Die E EMI 2012 empfiehlt stets „eine begleitende Qualitätssicherung in allen Projektphasen” (Forschungsgesellschaft für Straßen- und Verkehrswesen, 2012). Bei der messtechnischen Zustandserfassung erfolgt der Eignungsnachweis durch Vorlage einer zeitbefristeten Betriebszulassung der Bundesanstalt für Straßenwesen sowie durch die in der ZTV ZEB-StB 2006 vorgesehene Trennung von Erfassung und Qualitätssicherung bzw. Auswertung. Diese Trennung hat sich auf Bundesfern- und Landesstraßen seit Jahrzehnten bewährt und sorgt dafür, dass die Daten die vereinbarte Qualität haben, reproduzierbar sind und auch nach Jahren noch vergleichbar sind – was wichtig ist, um Trends richtig einschätzen und die Wirksamkeit von Strategien beurteilen zu können.

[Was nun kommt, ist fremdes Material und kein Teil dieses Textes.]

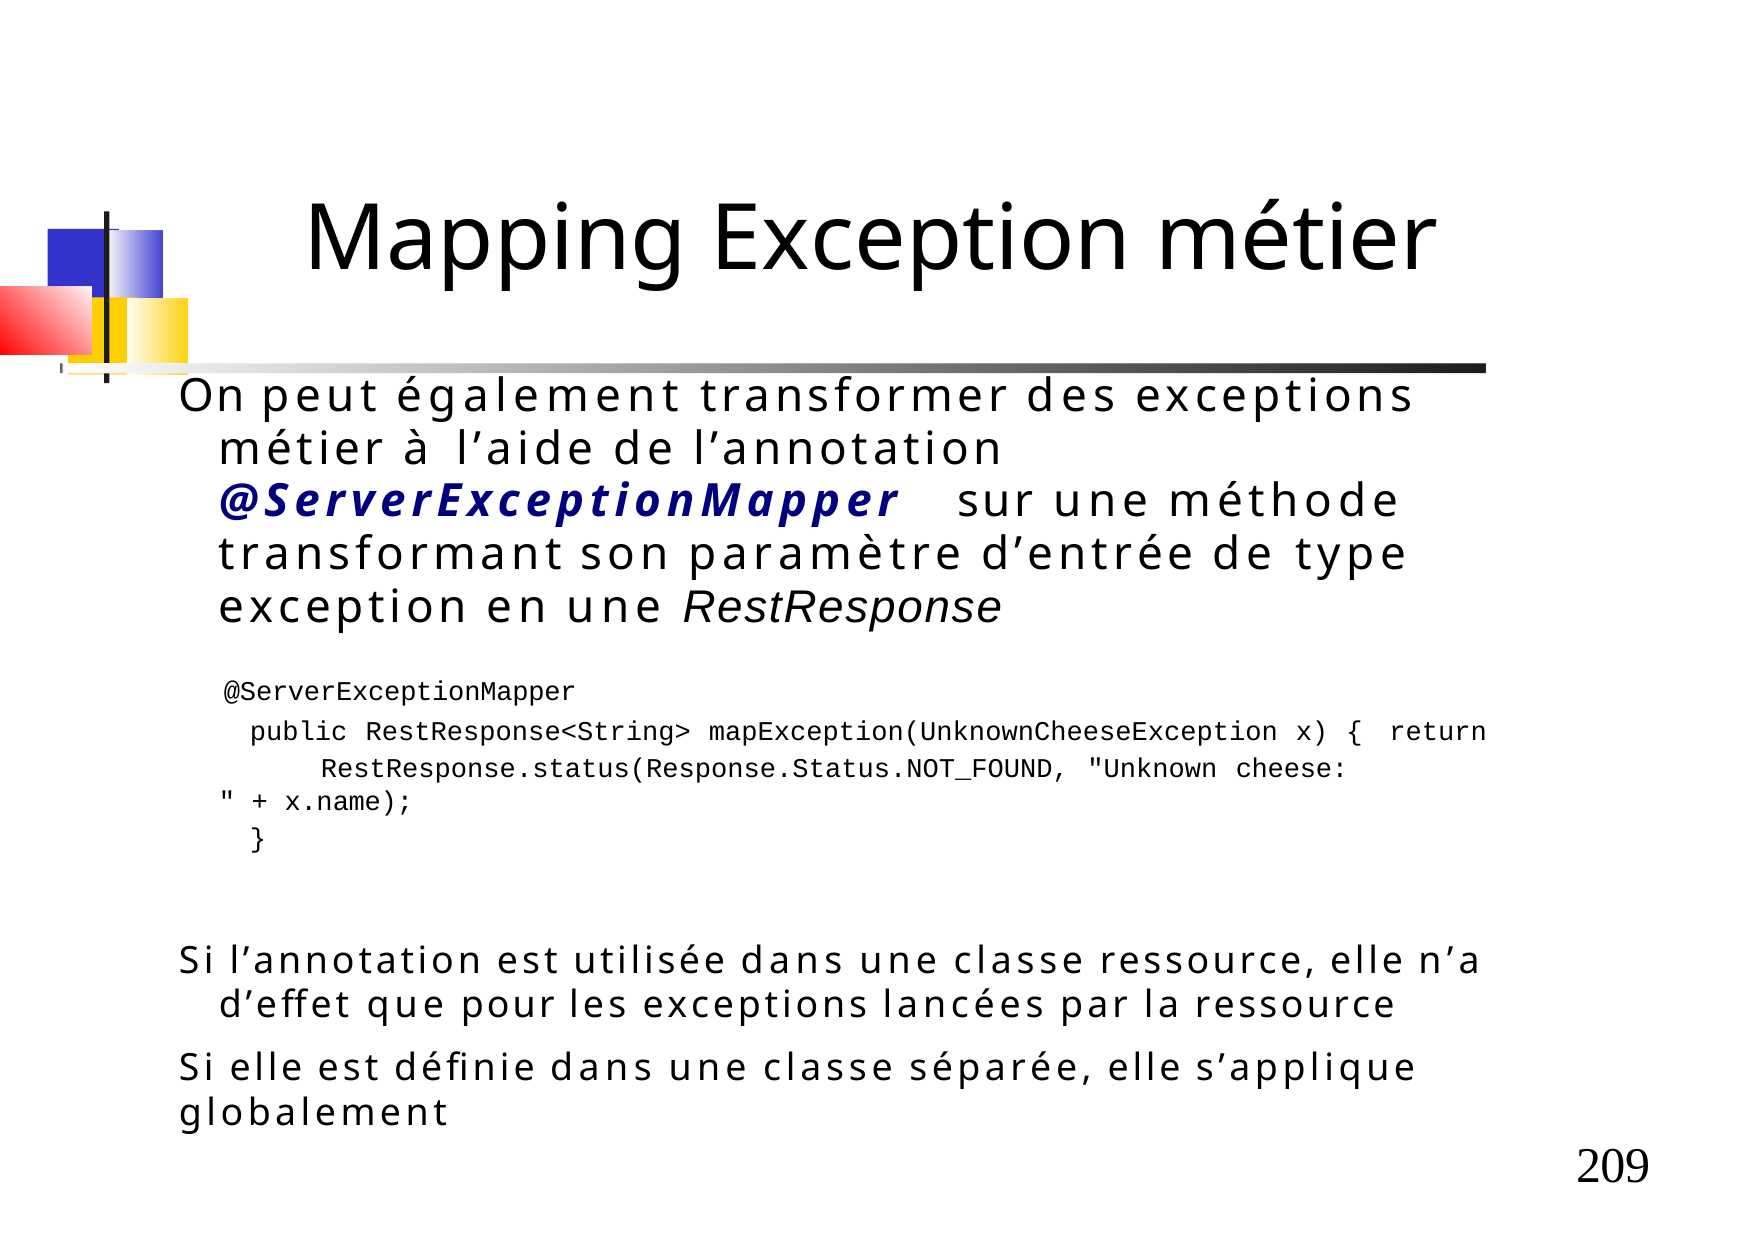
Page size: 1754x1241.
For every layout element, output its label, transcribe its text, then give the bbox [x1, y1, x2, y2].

title Mapping Exception métier [179, 183, 1564, 365]
picture [0, 285, 92, 355]
text_box On peut également transformer des exceptions métier à l’aide de l’annotation @ServerExceptionMapper sur une méthode transformant son paramètre d’entrée de type exception en une RestResponse @ServerExceptionMapper public RestResponse<String> mapException(UnknownCheeseException x) { return RestResponse.status(Response.Status.NOT_FOUND, "Unknown cheese: " + x.name); } Si l’annotation est utilisée dans une classe ressource, elle n’a d’effet que pour les exceptions lancées par la ressource Si elle est définie dans une classe séparée, elle s’applique globalement [176, 365, 1566, 1134]
picture [60, 229, 179, 384]
slide_number 209 [1569, 1135, 1660, 1241]
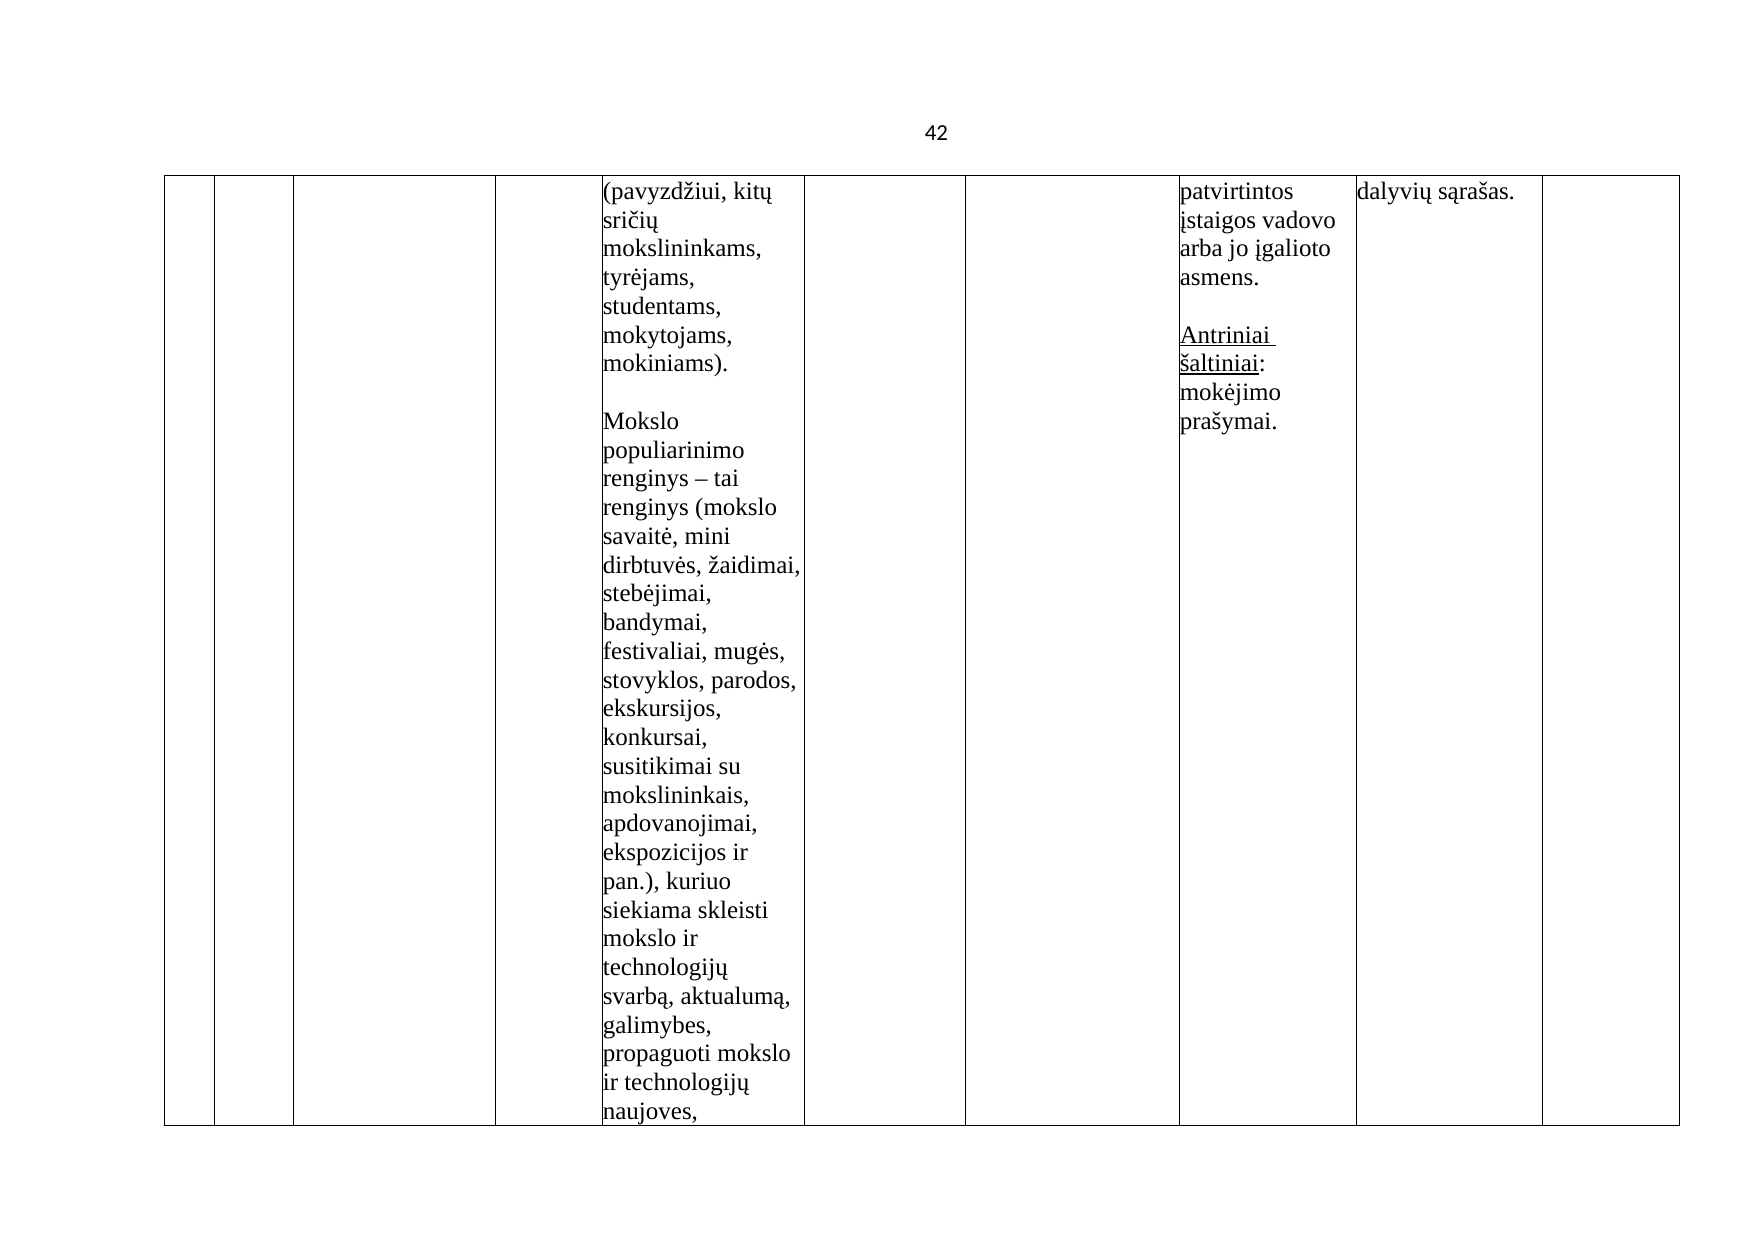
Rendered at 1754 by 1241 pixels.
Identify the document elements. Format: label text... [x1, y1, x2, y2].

table_cell [966, 176, 1179, 1125]
table_cell [805, 176, 965, 1125]
table_cell [496, 176, 602, 1125]
table_cell [165, 176, 214, 1125]
table_cell patvirtintos įstaigos vadovo arba jo įgalioto asmens. Antriniai šaltiniai: mokėjimo prašymai. [1180, 176, 1356, 1125]
table_cell dalyvių sąrašas. [1357, 176, 1542, 1125]
table_cell [215, 176, 293, 1125]
table_cell [1543, 176, 1679, 1125]
table_cell (pavyzdžiui, kitų sričių mokslininkams, tyrėjams, studentams, mokytojams, mokiniams). Mokslo populiarinimo renginys – tai renginys (mokslo savaitė, mini dirbtuvės, žaidimai, stebėjimai, bandymai, festivaliai, mugės, stovyklos, parodos, ekskursijos, konkursai, susitikimai su mokslininkais, apdovanojimai, ekspozicijos ir pan.), kuriuo siekiama skleisti mokslo ir technologijų svarbą, aktualumą, galimybes, propaguoti mokslo ir technologijų naujoves, [603, 176, 804, 1125]
table_cell [294, 176, 495, 1125]

Während also bei der messtechnischen Zustandserfassung nach ZTV ZEB-StB Merkmalen, Anforderungen, Messtechnik, Qualitätssicherung und die Bewertung eindeutig geregelt sind, fehlt dies bei den anderen Erfassungsmethoden, die im kommunalen Bereich im Allgemeinen und auf Geh- und Radwegen im Speziellen zum Einsatz kommen. Die Ergebnisse der laufenden Forschungsprojekte werden nach Umsetzung in die Regelwerke die Situation vermutlich vereinfachen, aber bis dahin wird es noch viele Diskussionen geben, die Zeit erfordern. Vermutlich wird auch ein Methodenmix weiterhin bestehen bleiben. Aus diesem Grund ist es wichtig, dass sich die Straßenbaulastträger intensiv informieren, sich über ihren tatsächlichen Bedarf Gedanken machen und sich gegebenenfalls auch von spezialisierten, unabhängigen Experten beraten lassen. Den größten Kostenblock eines Erhaltungsmanagements verursacht meist die Zustandserfassung. Der Nutzen hingegen wird bei der Verwendung der Ergebnisse erzielt. Und damit der Nutzen erzielt werden kann, müssen Ziele, Anforderungen und Methoden aufeinander abgestimmt sein.